Activity | Answer with the exact lines of the following material from the one containing "29) pallet [1571,503,1619,557]" through the one containing "47) cardboard box [0,432,3,449]", both end lines included.

Record set |

----

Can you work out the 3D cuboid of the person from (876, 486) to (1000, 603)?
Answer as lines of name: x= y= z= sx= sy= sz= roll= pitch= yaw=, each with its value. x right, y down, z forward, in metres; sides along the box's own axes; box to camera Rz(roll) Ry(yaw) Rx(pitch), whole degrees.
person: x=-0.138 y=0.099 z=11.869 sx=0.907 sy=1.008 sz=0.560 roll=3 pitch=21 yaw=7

----

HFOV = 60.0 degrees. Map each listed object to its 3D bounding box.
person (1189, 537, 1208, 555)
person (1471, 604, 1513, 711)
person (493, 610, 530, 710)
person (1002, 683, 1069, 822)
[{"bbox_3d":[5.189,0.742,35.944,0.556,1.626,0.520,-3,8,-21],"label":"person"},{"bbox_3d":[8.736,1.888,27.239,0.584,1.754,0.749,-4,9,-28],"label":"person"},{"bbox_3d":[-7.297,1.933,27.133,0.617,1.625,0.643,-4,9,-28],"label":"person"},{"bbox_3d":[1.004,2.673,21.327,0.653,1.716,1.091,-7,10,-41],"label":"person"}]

----

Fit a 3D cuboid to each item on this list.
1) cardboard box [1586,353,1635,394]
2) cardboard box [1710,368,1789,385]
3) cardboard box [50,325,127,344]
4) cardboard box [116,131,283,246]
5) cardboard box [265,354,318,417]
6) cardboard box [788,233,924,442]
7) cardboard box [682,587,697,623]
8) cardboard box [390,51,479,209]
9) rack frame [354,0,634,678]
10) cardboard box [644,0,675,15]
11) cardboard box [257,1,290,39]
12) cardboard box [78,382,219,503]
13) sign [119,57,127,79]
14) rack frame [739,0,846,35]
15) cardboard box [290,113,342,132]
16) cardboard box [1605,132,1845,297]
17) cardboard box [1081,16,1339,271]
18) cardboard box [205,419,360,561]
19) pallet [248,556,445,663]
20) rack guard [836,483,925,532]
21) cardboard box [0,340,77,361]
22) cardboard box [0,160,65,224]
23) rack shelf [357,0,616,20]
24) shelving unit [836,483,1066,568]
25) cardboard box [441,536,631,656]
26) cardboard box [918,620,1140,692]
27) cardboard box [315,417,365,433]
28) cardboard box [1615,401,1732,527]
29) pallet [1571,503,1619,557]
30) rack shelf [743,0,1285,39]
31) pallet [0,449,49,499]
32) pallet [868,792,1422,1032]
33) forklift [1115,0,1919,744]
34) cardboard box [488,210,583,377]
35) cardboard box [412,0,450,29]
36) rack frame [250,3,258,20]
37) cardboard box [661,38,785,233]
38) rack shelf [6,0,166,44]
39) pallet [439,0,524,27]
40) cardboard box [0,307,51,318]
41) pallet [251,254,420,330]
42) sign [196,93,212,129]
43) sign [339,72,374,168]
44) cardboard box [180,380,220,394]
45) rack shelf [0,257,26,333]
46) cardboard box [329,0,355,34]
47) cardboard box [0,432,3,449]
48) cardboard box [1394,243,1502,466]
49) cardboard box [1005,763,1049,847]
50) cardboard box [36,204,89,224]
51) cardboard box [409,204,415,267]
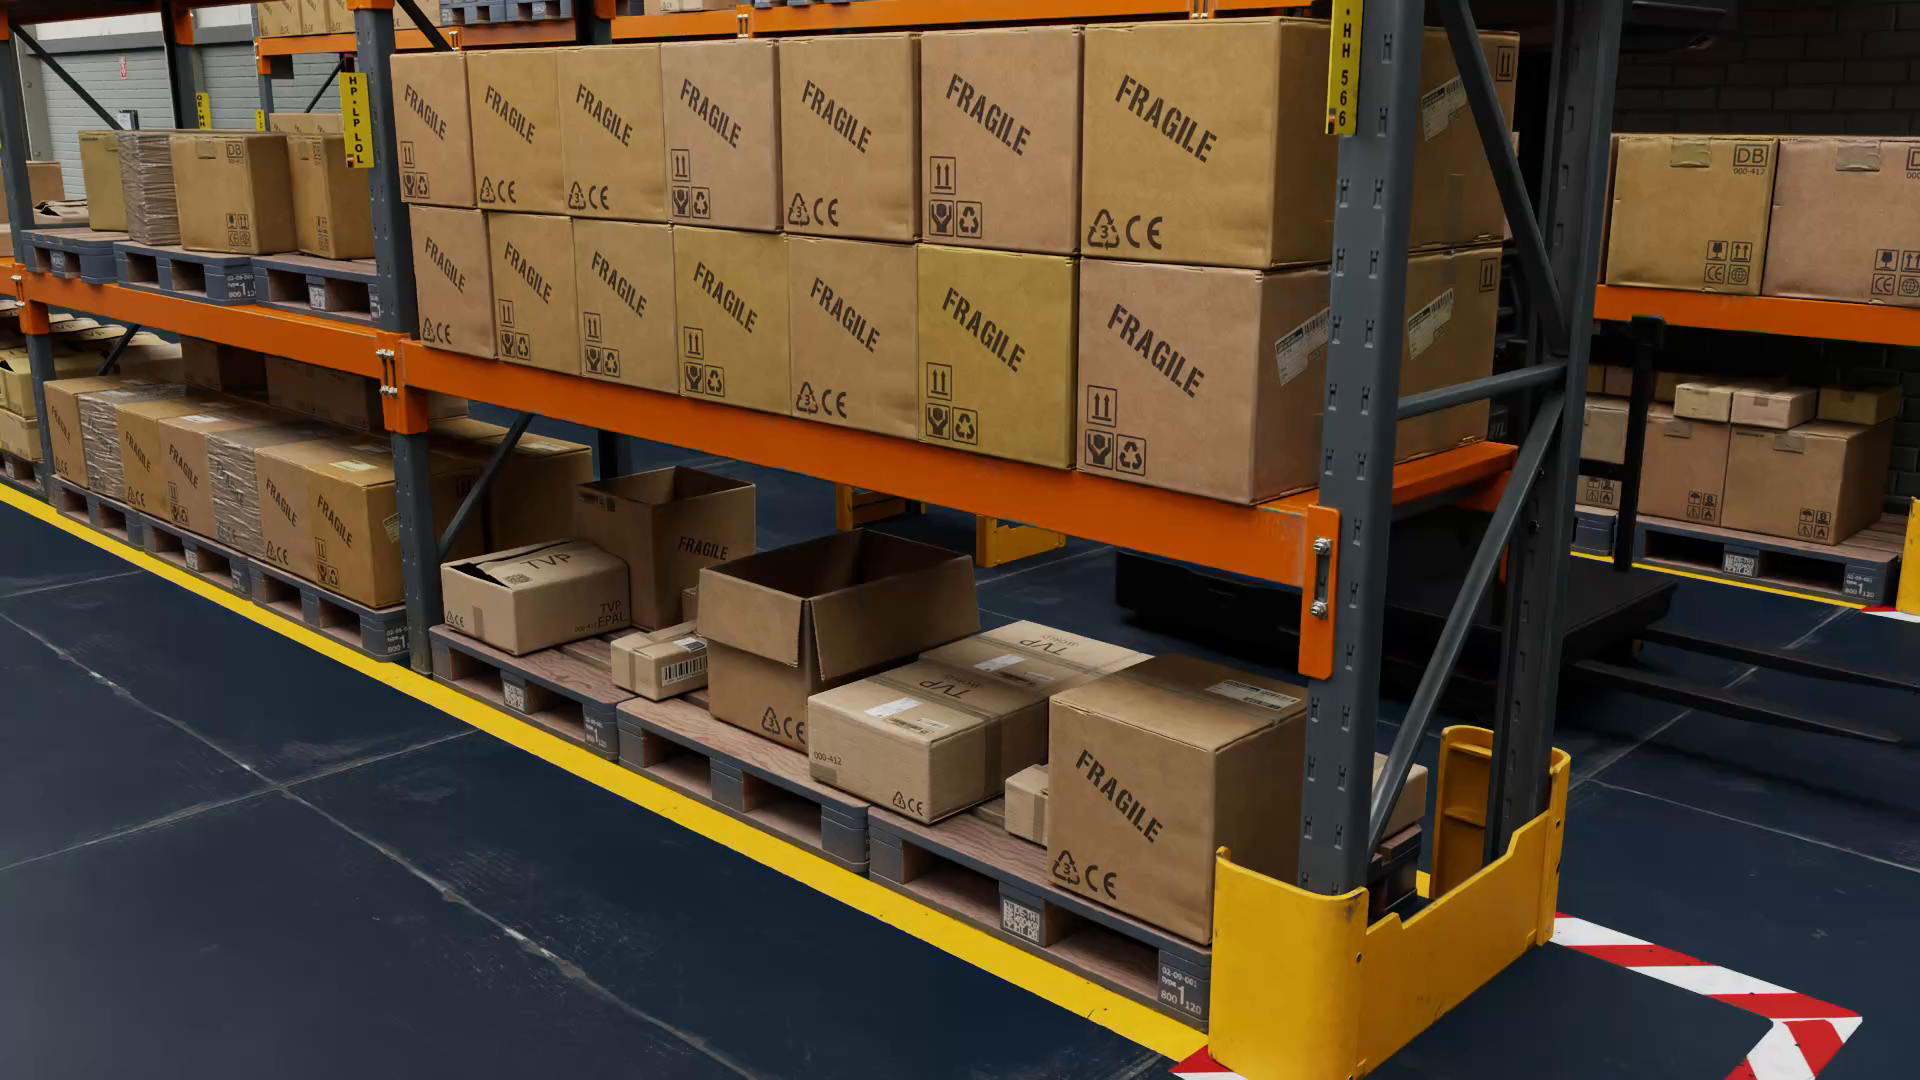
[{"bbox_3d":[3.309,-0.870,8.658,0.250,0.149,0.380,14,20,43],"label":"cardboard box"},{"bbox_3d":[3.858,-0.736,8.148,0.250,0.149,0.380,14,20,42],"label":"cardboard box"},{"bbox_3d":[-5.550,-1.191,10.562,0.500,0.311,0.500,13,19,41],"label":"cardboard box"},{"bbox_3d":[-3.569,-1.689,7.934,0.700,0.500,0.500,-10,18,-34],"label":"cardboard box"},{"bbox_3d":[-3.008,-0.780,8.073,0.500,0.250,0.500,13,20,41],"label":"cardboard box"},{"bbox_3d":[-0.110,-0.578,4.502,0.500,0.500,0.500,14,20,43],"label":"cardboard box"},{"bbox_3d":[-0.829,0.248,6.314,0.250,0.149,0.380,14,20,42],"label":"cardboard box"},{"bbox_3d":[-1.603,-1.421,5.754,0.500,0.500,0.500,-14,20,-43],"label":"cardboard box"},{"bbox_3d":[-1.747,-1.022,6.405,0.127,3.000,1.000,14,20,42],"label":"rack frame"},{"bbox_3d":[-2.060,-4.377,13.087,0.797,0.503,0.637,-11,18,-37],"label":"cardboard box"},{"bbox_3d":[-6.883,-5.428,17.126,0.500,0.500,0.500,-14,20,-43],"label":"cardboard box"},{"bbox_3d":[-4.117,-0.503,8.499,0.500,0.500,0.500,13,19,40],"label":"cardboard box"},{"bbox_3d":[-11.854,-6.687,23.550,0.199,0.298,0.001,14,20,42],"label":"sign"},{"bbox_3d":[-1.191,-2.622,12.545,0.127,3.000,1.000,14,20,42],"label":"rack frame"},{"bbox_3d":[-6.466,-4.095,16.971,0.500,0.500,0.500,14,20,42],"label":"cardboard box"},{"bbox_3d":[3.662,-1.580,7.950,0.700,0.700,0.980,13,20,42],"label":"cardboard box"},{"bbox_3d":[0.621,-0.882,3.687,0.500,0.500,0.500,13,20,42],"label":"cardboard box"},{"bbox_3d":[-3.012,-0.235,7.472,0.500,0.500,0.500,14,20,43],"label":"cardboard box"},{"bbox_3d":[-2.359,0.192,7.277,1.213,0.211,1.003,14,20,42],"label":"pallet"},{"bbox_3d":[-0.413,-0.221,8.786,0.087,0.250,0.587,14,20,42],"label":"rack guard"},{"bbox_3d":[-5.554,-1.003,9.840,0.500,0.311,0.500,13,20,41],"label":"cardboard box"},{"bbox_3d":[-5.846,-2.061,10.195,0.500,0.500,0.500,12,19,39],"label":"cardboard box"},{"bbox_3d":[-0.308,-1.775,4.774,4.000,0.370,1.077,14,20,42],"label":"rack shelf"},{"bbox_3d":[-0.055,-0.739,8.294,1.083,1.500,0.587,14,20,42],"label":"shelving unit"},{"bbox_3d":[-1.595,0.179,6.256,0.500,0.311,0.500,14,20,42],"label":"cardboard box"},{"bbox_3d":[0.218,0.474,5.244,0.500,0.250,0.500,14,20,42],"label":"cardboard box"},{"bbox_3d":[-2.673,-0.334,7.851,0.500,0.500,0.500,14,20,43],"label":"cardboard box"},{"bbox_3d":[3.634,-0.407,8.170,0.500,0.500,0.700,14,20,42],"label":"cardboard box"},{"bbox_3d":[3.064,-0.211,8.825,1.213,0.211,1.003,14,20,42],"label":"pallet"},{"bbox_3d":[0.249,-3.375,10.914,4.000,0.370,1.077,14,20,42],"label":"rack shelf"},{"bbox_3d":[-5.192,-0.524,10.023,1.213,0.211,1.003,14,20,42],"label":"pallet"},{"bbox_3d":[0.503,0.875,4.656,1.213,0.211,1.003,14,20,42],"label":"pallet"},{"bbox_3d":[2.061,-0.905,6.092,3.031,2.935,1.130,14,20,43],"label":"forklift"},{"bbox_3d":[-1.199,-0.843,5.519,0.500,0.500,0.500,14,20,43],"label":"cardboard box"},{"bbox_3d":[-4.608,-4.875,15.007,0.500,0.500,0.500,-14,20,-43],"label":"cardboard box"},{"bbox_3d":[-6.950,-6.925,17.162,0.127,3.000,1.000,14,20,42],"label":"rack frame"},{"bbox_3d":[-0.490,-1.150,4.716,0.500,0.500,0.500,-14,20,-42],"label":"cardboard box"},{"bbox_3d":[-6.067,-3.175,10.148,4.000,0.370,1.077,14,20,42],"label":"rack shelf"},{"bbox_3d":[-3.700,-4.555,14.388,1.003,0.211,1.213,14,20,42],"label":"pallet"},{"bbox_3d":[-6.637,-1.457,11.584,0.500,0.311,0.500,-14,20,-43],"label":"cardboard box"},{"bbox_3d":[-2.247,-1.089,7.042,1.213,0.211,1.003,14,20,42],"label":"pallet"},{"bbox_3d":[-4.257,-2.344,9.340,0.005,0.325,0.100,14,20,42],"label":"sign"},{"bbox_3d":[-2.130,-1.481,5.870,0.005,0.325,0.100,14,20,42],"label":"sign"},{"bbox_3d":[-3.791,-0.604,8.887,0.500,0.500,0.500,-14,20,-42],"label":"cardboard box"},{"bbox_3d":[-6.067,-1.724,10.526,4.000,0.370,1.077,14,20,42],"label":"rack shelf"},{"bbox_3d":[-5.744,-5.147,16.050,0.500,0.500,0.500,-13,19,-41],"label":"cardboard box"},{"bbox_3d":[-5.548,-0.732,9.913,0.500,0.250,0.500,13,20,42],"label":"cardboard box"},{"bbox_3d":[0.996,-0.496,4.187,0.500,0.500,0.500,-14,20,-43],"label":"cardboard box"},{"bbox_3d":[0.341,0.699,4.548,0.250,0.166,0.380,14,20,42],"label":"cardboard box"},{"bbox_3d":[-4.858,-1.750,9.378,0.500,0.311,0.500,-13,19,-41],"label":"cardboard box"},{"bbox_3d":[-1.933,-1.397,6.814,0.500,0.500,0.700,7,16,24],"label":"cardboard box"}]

----

The answer |
29) pallet [1571,503,1619,557]
30) rack shelf [743,0,1285,39]
31) pallet [0,449,49,499]
32) pallet [868,792,1422,1032]
33) forklift [1115,0,1919,744]
34) cardboard box [488,210,583,377]
35) cardboard box [412,0,450,29]
36) rack frame [250,3,258,20]
37) cardboard box [661,38,785,233]
38) rack shelf [6,0,166,44]
39) pallet [439,0,524,27]
40) cardboard box [0,307,51,318]
41) pallet [251,254,420,330]
42) sign [196,93,212,129]
43) sign [339,72,374,168]
44) cardboard box [180,380,220,394]
45) rack shelf [0,257,26,333]
46) cardboard box [329,0,355,34]
47) cardboard box [0,432,3,449]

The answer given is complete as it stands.